#### Task requirements:
Would you please output the lines of the data below from the one containing "Answer: Saturday What" to the end, exactly and with nothing added?

#### The input:
* * * * * * *

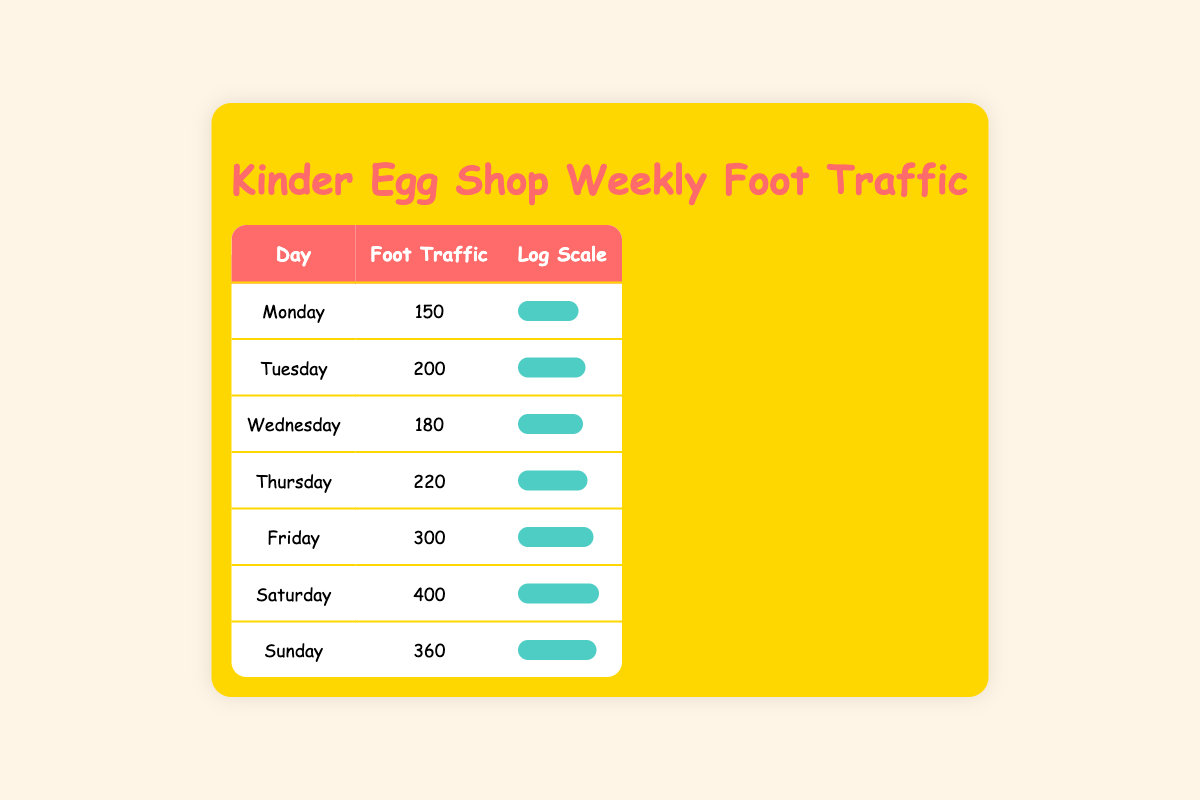What day had the highest foot traffic? By looking at the 'Foot Traffic' column, we can see that Saturday has the highest value at 400.
Answer: Saturday What is the foot traffic on Wednesday? The foot traffic for Wednesday is directly provided in the table, which shows a value of 180.
Answer: 180 What is the total foot traffic for the week? To find the total foot traffic, we sum all the daily foot traffic values: 150 + 200 + 180 + 220 + 300 + 400 + 360 = 1880.
Answer: 1880 Is the foot traffic on Sunday greater than that on Tuesday? We compare the values of Sunday (360) and Tuesday (200). Since 360 is greater than 200, the statement is true.
Answer: Yes What is the average foot traffic for the weekdays (Monday to Friday)? First, we calculate the total foot traffic for the weekdays: 150 + 200 + 180 + 220 + 300 = 1050. There are 5 weekdays, so the average is 1050 divided by 5, which equals 210.
Answer: 210 Which day has foot traffic lower than 200? We can look at the 'Foot Traffic' values and see that only Monday (150) and Wednesday (180) have values lower than 200.
Answer: Monday and Wednesday What is the difference in foot traffic between Friday and Saturday? We find the foot traffic for Friday (300) and Saturday (400). The difference is calculated by subtracting Friday's value from Saturday's: 400 - 300 = 100.
Answer: 100 How many days had foot traffic above 300? We check the 'Foot Traffic' values: Saturday (400) and Sunday (360) are the only days above 300, totaling 2 days.
Answer: 2 What is the median foot traffic for the week? First, we list the foot traffic values in order: 150, 180, 200, 220, 300, 360, 400. There are 7 values, so the median is the fourth value, which is 220.
Answer: 220

* * * * * * *

#### Result of the task:
Answer: Saturday What is the foot traffic on Wednesday? The foot traffic for Wednesday is directly provided in the table, which shows a value of 180.
Answer: 180 What is the total foot traffic for the week? To find the total foot traffic, we sum all the daily foot traffic values: 150 + 200 + 180 + 220 + 300 + 400 + 360 = 1880.
Answer: 1880 Is the foot traffic on Sunday greater than that on Tuesday? We compare the values of Sunday (360) and Tuesday (200). Since 360 is greater than 200, the statement is true.
Answer: Yes What is the average foot traffic for the weekdays (Monday to Friday)? First, we calculate the total foot traffic for the weekdays: 150 + 200 + 180 + 220 + 300 = 1050. There are 5 weekdays, so the average is 1050 divided by 5, which equals 210.
Answer: 210 Which day has foot traffic lower than 200? We can look at the 'Foot Traffic' values and see that only Monday (150) and Wednesday (180) have values lower than 200.
Answer: Monday and Wednesday What is the difference in foot traffic between Friday and Saturday? We find the foot traffic for Friday (300) and Saturday (400). The difference is calculated by subtracting Friday's value from Saturday's: 400 - 300 = 100.
Answer: 100 How many days had foot traffic above 300? We check the 'Foot Traffic' values: Saturday (400) and Sunday (360) are the only days above 300, totaling 2 days.
Answer: 2 What is the median foot traffic for the week? First, we list the foot traffic values in order: 150, 180, 200, 220, 300, 360, 400. There are 7 values, so the median is the fourth value, which is 220.
Answer: 220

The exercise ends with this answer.